Excerpts from a dataset:
########

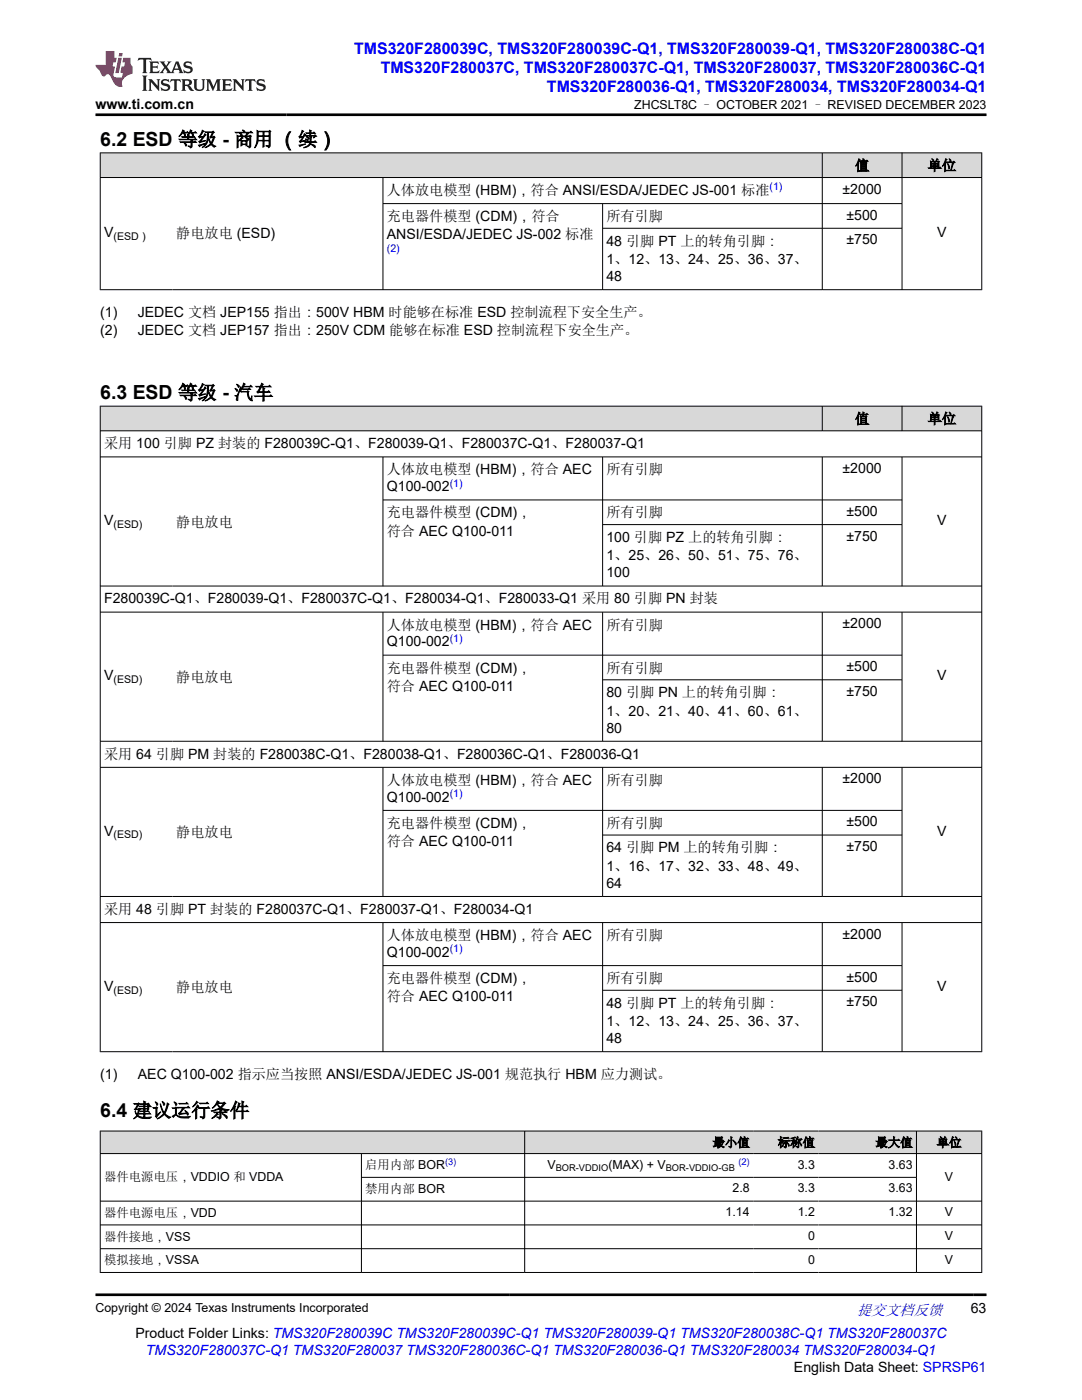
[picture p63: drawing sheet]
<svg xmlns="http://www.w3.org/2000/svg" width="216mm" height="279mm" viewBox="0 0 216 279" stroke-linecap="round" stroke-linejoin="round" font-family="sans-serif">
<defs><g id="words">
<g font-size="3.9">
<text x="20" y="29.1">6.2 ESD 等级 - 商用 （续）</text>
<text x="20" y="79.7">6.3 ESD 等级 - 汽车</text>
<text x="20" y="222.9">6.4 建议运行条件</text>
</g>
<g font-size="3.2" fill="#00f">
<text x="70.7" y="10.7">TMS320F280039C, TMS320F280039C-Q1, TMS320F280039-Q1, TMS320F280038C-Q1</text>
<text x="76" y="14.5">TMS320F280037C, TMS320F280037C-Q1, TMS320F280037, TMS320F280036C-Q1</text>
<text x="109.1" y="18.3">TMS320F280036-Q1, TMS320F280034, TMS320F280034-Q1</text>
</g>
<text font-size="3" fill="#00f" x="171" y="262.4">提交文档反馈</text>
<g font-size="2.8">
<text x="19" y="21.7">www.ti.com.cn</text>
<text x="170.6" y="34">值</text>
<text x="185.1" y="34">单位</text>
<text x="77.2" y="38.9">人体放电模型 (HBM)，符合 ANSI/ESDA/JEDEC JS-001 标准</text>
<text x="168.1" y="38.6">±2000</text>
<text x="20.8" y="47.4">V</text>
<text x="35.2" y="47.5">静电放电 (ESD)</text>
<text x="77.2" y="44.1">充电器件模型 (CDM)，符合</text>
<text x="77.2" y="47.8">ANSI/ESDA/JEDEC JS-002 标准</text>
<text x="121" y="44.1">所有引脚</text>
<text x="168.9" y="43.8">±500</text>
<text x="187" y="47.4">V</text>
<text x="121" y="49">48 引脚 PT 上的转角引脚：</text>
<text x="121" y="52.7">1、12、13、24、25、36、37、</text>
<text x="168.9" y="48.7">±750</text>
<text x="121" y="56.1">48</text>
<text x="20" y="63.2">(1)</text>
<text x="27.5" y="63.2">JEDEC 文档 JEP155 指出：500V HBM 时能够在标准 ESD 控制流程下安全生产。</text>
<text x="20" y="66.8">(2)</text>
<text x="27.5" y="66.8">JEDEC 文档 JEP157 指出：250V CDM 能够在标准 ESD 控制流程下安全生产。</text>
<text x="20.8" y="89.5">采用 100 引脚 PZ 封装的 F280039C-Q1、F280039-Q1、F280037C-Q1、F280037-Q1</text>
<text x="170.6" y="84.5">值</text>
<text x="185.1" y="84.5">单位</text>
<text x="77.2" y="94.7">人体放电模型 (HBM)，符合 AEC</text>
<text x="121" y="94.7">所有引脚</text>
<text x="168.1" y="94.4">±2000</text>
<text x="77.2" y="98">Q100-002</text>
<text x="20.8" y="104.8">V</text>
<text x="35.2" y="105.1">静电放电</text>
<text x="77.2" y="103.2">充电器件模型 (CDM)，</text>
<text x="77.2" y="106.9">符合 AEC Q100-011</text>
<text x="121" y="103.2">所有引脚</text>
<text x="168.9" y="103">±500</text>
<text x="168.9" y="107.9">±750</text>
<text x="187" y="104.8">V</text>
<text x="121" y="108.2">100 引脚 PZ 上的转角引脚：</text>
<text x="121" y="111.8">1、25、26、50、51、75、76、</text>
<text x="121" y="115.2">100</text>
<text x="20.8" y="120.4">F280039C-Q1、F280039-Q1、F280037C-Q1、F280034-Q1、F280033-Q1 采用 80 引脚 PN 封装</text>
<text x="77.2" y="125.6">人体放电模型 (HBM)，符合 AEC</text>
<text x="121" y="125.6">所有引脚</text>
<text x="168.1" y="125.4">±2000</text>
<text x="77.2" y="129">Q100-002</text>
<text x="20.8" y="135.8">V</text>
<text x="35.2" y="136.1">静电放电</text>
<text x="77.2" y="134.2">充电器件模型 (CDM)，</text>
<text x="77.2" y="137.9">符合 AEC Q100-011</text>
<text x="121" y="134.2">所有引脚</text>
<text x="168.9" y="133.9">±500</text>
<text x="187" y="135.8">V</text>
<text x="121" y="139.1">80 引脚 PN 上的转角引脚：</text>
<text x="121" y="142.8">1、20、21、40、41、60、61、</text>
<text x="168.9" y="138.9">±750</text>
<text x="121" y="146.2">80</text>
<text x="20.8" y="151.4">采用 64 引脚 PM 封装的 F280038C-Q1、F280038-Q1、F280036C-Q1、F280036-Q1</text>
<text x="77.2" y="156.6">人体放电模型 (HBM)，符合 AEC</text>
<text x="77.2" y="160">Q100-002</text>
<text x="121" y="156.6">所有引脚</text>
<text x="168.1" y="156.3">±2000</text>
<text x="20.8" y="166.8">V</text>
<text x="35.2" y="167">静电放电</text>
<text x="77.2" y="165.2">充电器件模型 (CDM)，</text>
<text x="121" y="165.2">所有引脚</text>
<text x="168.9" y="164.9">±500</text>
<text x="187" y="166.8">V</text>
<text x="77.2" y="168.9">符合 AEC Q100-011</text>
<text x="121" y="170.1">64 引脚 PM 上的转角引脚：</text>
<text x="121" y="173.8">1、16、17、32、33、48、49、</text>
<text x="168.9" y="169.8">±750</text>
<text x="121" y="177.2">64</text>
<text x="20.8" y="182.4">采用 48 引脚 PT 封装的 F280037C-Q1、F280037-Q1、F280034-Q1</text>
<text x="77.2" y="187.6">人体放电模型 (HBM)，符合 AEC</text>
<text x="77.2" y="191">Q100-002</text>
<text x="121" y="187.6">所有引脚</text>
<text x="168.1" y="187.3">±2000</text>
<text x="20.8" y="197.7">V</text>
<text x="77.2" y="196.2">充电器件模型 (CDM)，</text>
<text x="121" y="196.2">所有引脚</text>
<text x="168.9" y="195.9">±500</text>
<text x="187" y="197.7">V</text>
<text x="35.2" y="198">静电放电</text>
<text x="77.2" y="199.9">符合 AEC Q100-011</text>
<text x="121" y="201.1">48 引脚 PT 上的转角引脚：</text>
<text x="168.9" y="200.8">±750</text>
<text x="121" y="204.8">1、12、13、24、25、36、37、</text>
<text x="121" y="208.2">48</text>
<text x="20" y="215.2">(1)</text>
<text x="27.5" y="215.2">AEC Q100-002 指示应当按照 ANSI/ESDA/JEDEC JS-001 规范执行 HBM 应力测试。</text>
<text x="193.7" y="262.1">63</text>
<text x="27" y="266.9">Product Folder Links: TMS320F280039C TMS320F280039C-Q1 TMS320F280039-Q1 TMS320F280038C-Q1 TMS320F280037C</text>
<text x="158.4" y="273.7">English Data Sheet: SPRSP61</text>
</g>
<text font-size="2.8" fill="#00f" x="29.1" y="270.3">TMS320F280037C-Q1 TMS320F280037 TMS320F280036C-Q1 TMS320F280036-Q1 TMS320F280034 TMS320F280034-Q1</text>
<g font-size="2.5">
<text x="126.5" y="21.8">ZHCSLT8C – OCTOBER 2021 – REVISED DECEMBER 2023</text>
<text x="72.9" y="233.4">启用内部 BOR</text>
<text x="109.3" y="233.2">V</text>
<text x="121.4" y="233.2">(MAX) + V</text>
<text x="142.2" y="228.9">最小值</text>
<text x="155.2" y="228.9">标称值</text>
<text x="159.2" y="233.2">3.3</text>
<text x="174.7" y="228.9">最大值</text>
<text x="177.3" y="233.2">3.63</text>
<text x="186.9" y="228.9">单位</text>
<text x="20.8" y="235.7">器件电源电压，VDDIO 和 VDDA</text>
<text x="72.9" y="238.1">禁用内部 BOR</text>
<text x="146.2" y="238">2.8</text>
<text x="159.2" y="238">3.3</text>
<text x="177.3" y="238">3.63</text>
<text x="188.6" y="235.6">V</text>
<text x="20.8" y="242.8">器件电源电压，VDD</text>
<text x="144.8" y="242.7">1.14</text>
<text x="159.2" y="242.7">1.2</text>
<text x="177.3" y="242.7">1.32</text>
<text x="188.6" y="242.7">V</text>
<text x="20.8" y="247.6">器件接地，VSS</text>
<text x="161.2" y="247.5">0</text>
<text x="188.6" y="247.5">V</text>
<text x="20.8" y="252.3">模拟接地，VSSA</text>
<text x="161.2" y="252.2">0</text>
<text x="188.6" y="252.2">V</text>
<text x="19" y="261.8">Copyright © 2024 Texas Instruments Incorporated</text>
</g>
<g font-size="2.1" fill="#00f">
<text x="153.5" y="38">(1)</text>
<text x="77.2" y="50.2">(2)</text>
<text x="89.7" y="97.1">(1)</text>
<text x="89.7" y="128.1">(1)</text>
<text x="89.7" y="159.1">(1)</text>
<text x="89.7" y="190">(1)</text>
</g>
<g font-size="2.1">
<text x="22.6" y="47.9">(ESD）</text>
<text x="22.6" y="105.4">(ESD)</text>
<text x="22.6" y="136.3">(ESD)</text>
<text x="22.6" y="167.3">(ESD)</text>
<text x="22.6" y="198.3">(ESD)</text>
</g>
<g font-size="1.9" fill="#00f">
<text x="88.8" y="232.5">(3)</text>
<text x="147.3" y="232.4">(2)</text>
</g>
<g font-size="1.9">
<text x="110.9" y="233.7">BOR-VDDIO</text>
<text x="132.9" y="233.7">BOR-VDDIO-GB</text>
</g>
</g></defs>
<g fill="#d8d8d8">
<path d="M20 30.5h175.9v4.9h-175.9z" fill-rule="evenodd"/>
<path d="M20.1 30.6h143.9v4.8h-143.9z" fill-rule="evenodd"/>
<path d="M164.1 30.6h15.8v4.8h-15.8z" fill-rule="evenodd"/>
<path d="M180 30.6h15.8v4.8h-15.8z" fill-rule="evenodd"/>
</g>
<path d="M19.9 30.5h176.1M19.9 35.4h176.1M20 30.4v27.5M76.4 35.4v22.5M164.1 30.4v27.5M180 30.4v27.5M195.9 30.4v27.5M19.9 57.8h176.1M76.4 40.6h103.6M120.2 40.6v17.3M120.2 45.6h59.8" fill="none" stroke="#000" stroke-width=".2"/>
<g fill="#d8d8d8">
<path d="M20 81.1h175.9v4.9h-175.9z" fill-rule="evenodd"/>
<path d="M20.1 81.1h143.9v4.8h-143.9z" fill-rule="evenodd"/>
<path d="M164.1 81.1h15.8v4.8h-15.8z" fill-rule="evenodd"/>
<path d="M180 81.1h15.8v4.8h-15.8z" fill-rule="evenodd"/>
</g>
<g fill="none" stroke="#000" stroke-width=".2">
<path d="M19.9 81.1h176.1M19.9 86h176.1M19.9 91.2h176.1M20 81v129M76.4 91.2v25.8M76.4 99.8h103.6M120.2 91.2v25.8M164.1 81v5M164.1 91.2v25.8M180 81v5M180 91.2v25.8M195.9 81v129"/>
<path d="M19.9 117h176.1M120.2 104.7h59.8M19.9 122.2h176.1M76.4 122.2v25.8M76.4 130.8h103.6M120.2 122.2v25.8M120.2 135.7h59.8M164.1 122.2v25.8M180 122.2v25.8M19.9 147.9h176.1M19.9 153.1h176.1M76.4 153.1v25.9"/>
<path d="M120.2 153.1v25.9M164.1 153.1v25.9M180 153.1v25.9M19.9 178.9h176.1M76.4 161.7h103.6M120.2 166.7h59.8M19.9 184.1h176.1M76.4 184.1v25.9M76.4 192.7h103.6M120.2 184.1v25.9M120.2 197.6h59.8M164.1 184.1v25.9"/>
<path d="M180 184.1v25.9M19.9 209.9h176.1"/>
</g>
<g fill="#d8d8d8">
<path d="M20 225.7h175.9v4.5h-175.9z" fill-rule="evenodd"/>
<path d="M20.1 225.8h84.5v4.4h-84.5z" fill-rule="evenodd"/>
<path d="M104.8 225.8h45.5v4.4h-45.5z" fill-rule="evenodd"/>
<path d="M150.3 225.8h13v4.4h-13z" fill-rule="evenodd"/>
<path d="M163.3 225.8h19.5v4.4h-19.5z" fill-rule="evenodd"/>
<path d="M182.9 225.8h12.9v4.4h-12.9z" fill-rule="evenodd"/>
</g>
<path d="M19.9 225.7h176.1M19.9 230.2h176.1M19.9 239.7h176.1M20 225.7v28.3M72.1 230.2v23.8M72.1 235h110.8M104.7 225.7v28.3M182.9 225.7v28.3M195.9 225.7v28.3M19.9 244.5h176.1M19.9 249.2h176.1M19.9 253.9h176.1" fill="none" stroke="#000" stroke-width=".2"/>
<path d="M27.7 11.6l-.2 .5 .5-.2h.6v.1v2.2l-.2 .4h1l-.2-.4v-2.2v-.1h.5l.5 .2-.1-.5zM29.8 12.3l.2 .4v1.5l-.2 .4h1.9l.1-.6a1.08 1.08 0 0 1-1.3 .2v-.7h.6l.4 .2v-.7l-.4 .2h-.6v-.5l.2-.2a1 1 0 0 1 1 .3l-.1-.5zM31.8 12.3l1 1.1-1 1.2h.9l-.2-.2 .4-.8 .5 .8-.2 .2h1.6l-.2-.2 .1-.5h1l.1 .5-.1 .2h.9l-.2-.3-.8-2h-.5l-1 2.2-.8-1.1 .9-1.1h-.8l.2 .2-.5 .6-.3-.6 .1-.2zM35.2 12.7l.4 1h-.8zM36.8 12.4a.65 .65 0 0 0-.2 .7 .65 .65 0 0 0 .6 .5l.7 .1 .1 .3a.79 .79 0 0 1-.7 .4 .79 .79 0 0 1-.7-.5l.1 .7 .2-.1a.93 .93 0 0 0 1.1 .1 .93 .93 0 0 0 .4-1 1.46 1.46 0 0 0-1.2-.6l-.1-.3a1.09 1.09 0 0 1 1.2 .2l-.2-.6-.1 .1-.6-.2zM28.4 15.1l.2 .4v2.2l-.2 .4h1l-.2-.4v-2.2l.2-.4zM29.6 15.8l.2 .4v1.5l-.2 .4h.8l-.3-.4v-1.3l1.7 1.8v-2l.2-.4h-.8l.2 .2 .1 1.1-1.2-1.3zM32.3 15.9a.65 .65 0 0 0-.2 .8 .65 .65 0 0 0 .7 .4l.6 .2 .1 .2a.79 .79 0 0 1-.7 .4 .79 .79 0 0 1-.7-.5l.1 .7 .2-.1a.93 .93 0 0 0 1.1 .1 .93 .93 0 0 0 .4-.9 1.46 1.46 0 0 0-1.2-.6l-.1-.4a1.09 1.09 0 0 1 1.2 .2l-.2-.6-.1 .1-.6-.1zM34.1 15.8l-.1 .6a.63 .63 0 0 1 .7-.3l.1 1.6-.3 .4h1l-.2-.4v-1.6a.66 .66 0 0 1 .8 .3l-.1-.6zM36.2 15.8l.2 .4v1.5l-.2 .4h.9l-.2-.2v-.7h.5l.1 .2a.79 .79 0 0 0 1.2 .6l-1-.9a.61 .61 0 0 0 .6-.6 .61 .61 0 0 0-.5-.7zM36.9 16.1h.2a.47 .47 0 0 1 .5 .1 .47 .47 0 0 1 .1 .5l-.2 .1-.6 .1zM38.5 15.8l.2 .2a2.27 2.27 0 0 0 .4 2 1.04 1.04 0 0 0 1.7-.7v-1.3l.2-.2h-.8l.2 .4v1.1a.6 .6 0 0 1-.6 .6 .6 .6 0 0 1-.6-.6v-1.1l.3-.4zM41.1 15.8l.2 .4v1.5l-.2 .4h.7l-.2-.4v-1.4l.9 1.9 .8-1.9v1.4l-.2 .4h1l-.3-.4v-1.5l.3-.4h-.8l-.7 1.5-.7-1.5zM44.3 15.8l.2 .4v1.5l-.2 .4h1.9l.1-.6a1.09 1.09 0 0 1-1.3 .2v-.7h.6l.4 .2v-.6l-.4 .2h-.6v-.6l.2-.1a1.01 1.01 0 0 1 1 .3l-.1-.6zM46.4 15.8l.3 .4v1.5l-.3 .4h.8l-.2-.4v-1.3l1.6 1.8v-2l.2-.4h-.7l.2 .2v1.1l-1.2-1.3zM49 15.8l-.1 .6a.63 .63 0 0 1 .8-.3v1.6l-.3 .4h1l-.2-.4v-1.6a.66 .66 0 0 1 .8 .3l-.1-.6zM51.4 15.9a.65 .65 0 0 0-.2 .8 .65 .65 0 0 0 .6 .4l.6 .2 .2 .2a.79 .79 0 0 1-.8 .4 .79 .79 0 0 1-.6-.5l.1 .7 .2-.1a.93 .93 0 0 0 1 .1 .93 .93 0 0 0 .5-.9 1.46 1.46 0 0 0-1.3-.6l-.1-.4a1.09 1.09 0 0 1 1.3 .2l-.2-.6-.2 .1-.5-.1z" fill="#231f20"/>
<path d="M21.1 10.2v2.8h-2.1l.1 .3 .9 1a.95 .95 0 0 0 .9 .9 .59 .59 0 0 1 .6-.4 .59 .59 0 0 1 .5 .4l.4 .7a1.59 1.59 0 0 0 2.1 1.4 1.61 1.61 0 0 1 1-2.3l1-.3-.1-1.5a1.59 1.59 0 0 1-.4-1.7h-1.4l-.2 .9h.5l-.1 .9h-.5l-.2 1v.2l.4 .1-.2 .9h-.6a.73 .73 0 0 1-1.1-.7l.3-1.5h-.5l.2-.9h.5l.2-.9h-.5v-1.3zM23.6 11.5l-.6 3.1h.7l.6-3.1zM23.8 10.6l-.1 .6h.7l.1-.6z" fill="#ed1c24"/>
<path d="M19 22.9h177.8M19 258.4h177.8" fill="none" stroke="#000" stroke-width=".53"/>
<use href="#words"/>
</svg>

########

■ PROBLEM DESCRIPTION: Extract exactly and only the lines above from the line containing "- 商用 （续）</text>" through the line containing "TMS320F280037C-Q1, TMS320F280037, TMS320F280036C-Q1</text>", both end lines included.

■ THE ANSWER:
<text x="20" y="29.1">6.2 ESD 等级 - 商用 （续）</text>
<text x="20" y="79.7">6.3 ESD 等级 - 汽车</text>
<text x="20" y="222.9">6.4 建议运行条件</text>
</g>
<g font-size="3.2" fill="#00f">
<text x="70.7" y="10.7">TMS320F280039C, TMS320F280039C-Q1, TMS320F280039-Q1, TMS320F280038C-Q1</text>
<text x="76" y="14.5">TMS320F280037C, TMS320F280037C-Q1, TMS320F280037, TMS320F280036C-Q1</text>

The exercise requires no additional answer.